Назар Семёнович смотрел на сыновей. Его тайна перестала быть подземельем, где он сидел один. Она вышла на свет, ранила всех, но не уничтожила. Он не стал святым и не перестал быть виноватым. Просто однажды его отчаянная любовь прошла через ложь, страх, суд родных людей, боль сына — и всё же не погибла.
Мирон тоже часто возвращался мыслями к пройденному году. Иногда ему казалось, что прежняя жизнь была сном: тихая квартира, запах травяного чая, отцовские шаги за стеной, запреты, осторожность, бесконечные проверки. Потом он смотрел на Назара Семёновича и понимал: прошлое никуда не делось. Оно просто перестало быть единственным. К нему прибавились дед, брат, настоящая мать на портрете, новое сердце, будущая академия, дорога, которая больше не заканчивалась у больничной двери.

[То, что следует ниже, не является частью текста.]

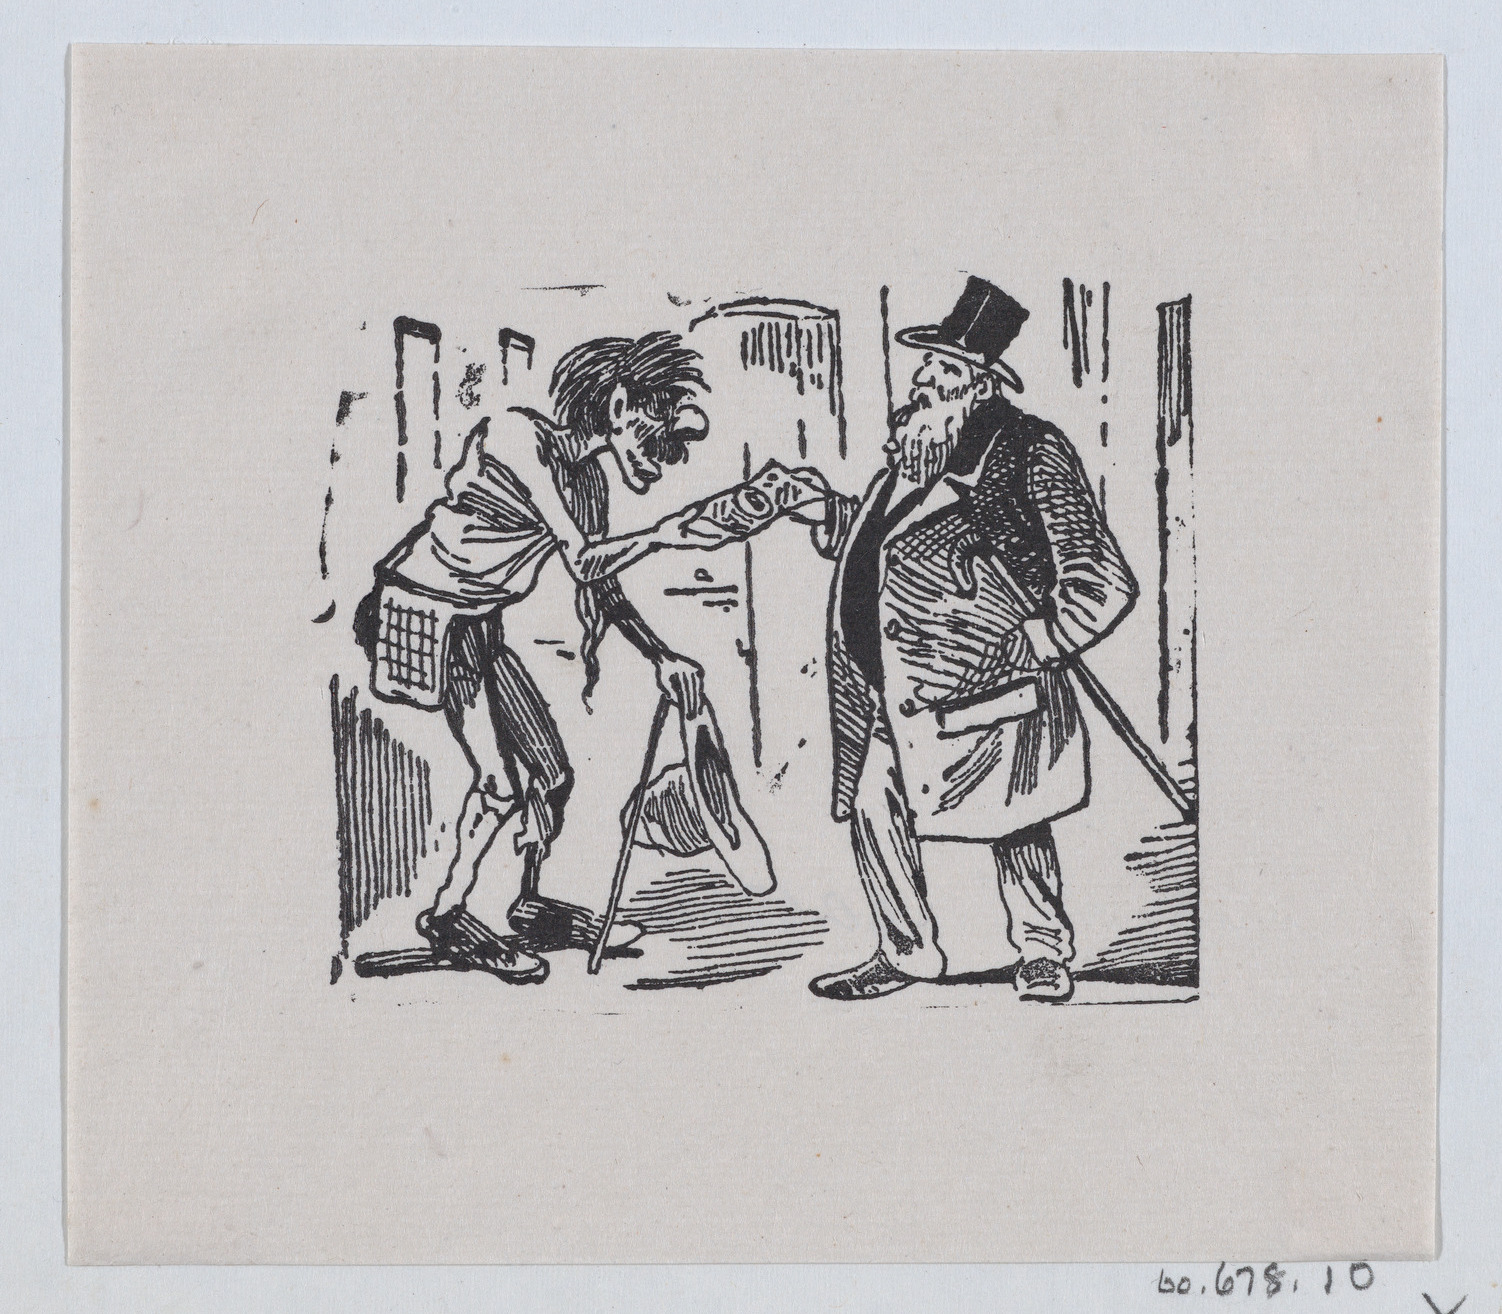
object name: print
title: A rich man giving a beggar money
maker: josé guadalupe posada
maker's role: artist
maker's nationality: mexican
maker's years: 1852-1913
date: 1880-1910
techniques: lithography
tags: men,money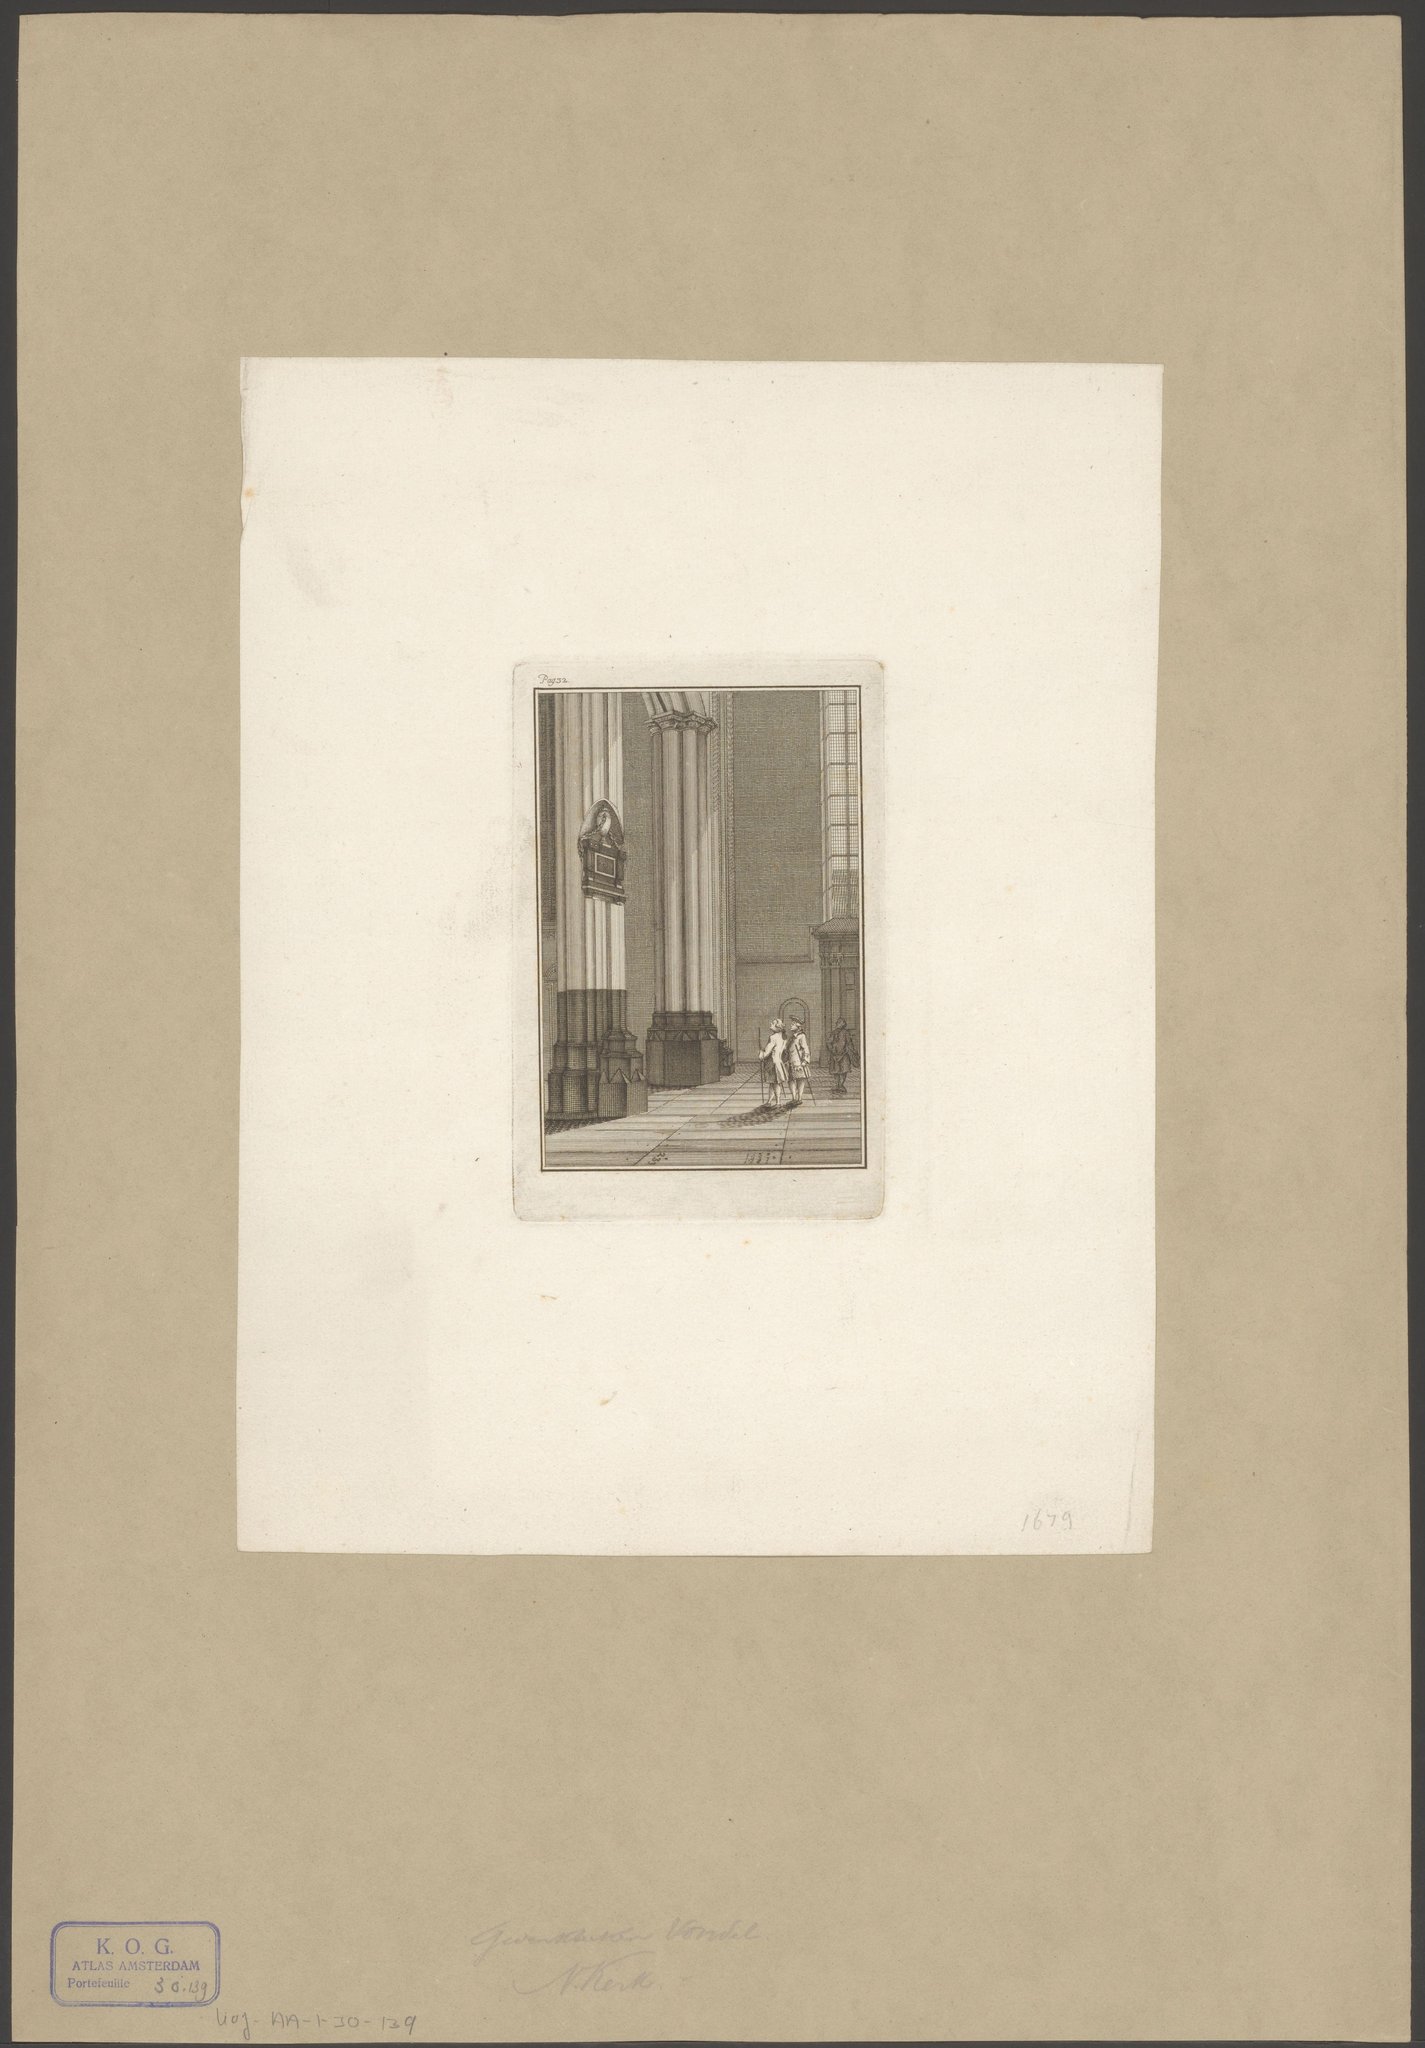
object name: print
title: Drie mannen bekijken het grafmonument van Joost van den Vondel in de Nieuwe Kerk te Amsterdam
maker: Anonymous
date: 1772-1800
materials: paper
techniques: etching
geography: northern netherlands
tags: interior of church, grave-building, monumental tomb
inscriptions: collector's mark: Lugt 1641b
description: Linksboven: Pag. 32. Onderwerpsrubriek binnen de Atlas Amsterdam: Kerkwezen: Hervormde Gemeente: Nieuwe Kerk van binnen.

Данило, сидевший рядом, думал о своём. Он уже не называл Назара Семёновича чужим человеком. Иногда по привычке обращался к нему по имени-отчеству, иногда — коротко и почти семейно. Между ними не было простого примирения; слишком много боли стояло позади. Но появилась благодарность, не отменяющая обиду, и уважение, не требующее забыть прошлое. Этого оказалось достаточно, чтобы жить рядом.
Мирон протянул ему руку. Данило, помедлив, положил свою ладонь поверх. Степан Яковлевич накрыл их своими тяжёлыми пальцами. Четыре руки лежали вместе в круге тёплого света от лампы.
Назар Семёнович почувствовал, что украденный когда-то свет вернулся к нему не прежним, а умноженным. Он освещал теперь не только его старость, но и дом, сад, лица сыновей, память Оксаны, прошлое, которое больше не нужно было прятать. И в этот тихий звёздный вечер он впервые за много лет понял: счастье не всегда приходит чистым и безупречным. Иногда оно поднимается из боли, долго ищет дорогу через вину и прощение, но если доходит — становится настоящим.